Avoiding Fingerprinting by Changing Your Socks

By AdStation | November 7th, 2013 | Categories: Email Marketing
change

How often do you change your socks? How often do you wash your jeans? What does this have to do with email marketing? More than you would think, Grasshopper.

When clothes get old and stinky – it’s time to change or wash them! The same holds true for email campaigns. Understanding when email creatives become worn or stale and correctly reacting to the condition is the basis for AdStation’s success with email advertising.

Spam filters look at a long list of criteria to decide whether to junk your email. And oftentimes, even innocent email marketers who send only permission-based emails to people who opted in, like the spare change in your dryer, get caught in the filters. Is it fair? Of course not. But understanding why spam filters do what they do, and how to avoid them, enables intelligent mailers to avoid being taken to the cleaners.

One of the key ways to avoid this filtering is “change.” Change your fingerprint: layout, html, subject lines, and body copy. The longer your email campaign runs, the more likely it is to get a bad fingerprint. Too many campaigns with bad fingerprints will get your reputation tarnished and get you blocked even further – even on your very best campaigns.

Many advertisers change out their creative and coding on a random basis, some occasionally, and some never! They just run a campaign into the ground and then plug in a new one. Most advertisers don’t have the resources to change things regularly so they will run campaigns till their inevitable fatigue and failure.

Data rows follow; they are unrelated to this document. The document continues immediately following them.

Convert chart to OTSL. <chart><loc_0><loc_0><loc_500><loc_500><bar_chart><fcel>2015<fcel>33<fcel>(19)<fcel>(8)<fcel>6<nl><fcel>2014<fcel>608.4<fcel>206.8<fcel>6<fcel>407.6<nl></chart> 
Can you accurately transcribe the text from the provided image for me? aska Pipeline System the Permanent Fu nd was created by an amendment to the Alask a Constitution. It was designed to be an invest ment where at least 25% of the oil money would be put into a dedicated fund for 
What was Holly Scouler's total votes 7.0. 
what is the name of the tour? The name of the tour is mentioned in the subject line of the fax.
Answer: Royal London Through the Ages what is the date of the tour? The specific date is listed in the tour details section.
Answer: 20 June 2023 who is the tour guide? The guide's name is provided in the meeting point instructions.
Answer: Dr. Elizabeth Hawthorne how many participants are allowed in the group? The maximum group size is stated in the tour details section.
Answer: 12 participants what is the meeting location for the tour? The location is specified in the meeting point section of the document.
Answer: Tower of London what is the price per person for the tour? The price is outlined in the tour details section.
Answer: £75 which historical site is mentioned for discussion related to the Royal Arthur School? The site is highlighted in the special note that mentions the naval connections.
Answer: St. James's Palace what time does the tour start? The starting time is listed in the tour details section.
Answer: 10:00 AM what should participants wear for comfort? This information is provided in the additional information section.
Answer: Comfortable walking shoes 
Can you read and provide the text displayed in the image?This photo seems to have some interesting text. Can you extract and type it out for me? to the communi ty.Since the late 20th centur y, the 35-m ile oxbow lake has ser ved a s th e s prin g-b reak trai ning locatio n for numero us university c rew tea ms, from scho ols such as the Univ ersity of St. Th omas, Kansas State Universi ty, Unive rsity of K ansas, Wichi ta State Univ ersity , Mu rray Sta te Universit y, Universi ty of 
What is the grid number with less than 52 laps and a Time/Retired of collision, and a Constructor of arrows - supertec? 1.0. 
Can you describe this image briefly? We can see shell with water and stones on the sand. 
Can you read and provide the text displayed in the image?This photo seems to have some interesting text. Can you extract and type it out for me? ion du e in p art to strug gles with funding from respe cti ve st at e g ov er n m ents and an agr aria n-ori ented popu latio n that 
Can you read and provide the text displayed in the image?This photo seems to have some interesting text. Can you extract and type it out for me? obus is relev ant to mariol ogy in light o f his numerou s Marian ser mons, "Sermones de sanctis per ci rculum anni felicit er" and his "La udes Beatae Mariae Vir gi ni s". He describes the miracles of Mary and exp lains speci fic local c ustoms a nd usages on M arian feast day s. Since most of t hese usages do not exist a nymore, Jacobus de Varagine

The excellent email marketing team is unique in that the team performance experts that rigorously run A/B and MultiVariate tests through our unique testing framework. These tests are then analyzed by the Data Analytics group and provide results based on confidence levels and statistical significance. This allows the Ad Performance team to quickly see what combinations of fingerprinted items do better or worse, for what time frames, for what categories, and of course – for what demographics.

Having a whole team dedicated to Ad Performance means we change components of your email more often than anyone in the industry – your socks will glow with whiteness, your jeans won’t smell like stale potato chips, and your campaigns will reach the inboxes of the very people you sent them to.

Just don’t forget the fabric softener.